Appendix N is labeled “Inspirational and Educational Reading”. It’s a list of fantasy works that inspired Gary Gygax and company in their creation of D&D. Paul S. Kemp has an appreciation, and a list of the books from the original Appendix N.

After he posted his blog post (which was partly inspired in turn by a conversation on Twitter that he and I were a part of), it occurred to me that Appendix N is an extremely valuable resource for going “old school” with your fantasy fiction. However, since the Dungeon Master’s Guide was written in 1979, that leaves a couple additional decades of books modern readers and gamers may not have heard of, are not in Appendix N, but are worthy of attention. And especially for Game masters, source material to beg, borrow and steal from.

So, herein, I set to lay out an add-on for Appendix N, and cover more recent books that, if Appendix N were written today by Gygax, would be in it. Appendix “N-Squared”. These are books that have influenced my gaming, books from which I have plucked kernels.

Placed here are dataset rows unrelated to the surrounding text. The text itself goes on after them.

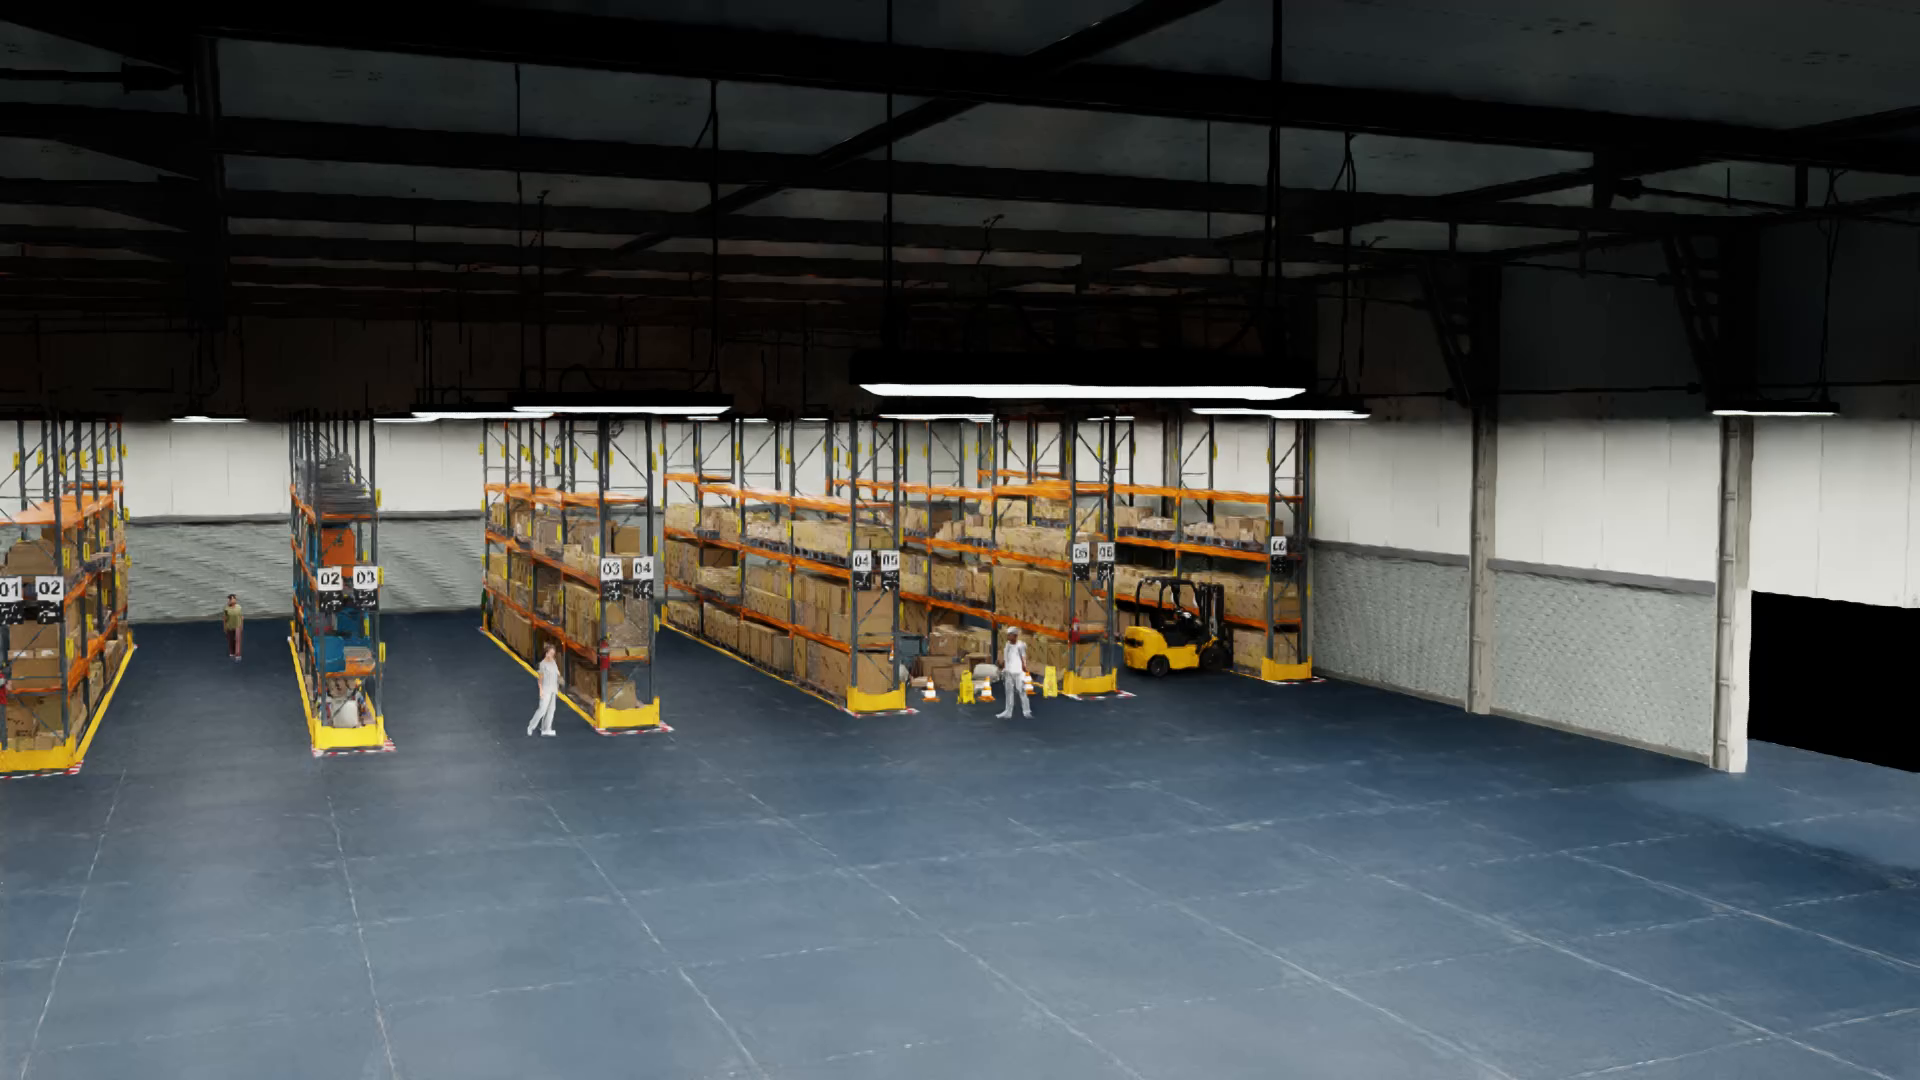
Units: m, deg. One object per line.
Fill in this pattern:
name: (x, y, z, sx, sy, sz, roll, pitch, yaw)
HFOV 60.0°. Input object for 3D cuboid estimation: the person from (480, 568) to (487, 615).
person: (-13.928, 1.391, 49.418, 0.678, 1.715, 0.827, -3, 5, -41)

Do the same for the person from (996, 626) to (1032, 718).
person: (1.066, 2.569, 32.353, 0.552, 1.789, 0.679, -4, 5, -42)

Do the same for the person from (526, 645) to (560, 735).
person: (-7.649, 2.752, 30.463, 0.489, 1.665, 0.625, 2, 4, 27)

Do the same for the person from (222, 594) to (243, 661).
person: (-17.574, 2.098, 40.179, 0.448, 1.590, 1.109, -1, 4, -20)

My boundary conditions for selection are heroic fantasy books intended for fantasy gamers that were written from 1980 to 2007. I don’t think more recent works than that have had the time to firm themselves up as classics. Some of the series listed below extend beyond 2007, of course, and some are still ongoing. And yes, I am aware that in the last few years, a swath of authors that may be on a “Appendix N-cubed” have emerged, especially in the resurgent subgenre of sword and sorcery. Time will tell.

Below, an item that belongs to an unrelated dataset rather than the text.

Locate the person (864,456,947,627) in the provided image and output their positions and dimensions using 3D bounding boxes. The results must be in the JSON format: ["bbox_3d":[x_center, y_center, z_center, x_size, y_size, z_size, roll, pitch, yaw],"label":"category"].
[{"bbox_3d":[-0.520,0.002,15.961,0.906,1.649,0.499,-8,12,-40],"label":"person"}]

  • Joe Abercrombie: The First Law and sequels
  • Greg Bear: The Infinity Concerto and The Serpent Mage
  • Steven Brust: The Vlad Taltos series, and the Khaavren duology
  • Jim Butcher: The Furies of Calderon
  • C.J. Cherryh: The Morgaine Saga: [Gate of Ivrel and sequels]
  • Glen Cook: The Black Company series [The Black Company and sequels]
  • Steven R. Donaldson: The Chronicles of Thomas Covenant [Lord Foul’s Bane and sequels]
  • Dave Duncan: The King’s Blade series [The Gilded Chain and sequels]
  • Kate Elliott: The Crown of Stars series [King’s Dragon and sequels]
  • Steven Erikson: The Gardens of the Moon
  • Raymond E. Feist: The Riftwar Saga [Magician and sequels]
  • Mary Gentle: Grunts!
  • Robin Hobb: The Farseer Trilogy [Assassin’s Apprentice and sequels]
  • J.V. Jones: The Sword of Shadows series [A Cavern of Black Ice and sequels]
  • Scott Lynch: The Lies of Locke Lamora
  • George R.R. Martin: A Game of Thrones
  • Julian May: The Saga of Pliocene Exile [The Many Colored Land and sequels]
  • L.E. Modesitt, Jr.: The Saga of Recluce [The Magic of Recluce and sequels]
  • Elizabeth Moon: The Deed of Paksenarrion [Sheep Farmer’s Daughter and sequels]
  • Joel Rosenberg: The Guardians of the Flame series [The Sleeping Dragon and sequels]
  • Fred Saberhagen: The Books of the Swords and The Books of the Lost Swords sequences
  • Martha Wells: The Element of Fire and City of Bones
  • Tad Williams: Memory, Sorrow, Thorn [The Dragonbone Chair and sequels]

So what books have I missed? What books of mine should NOT be on this list?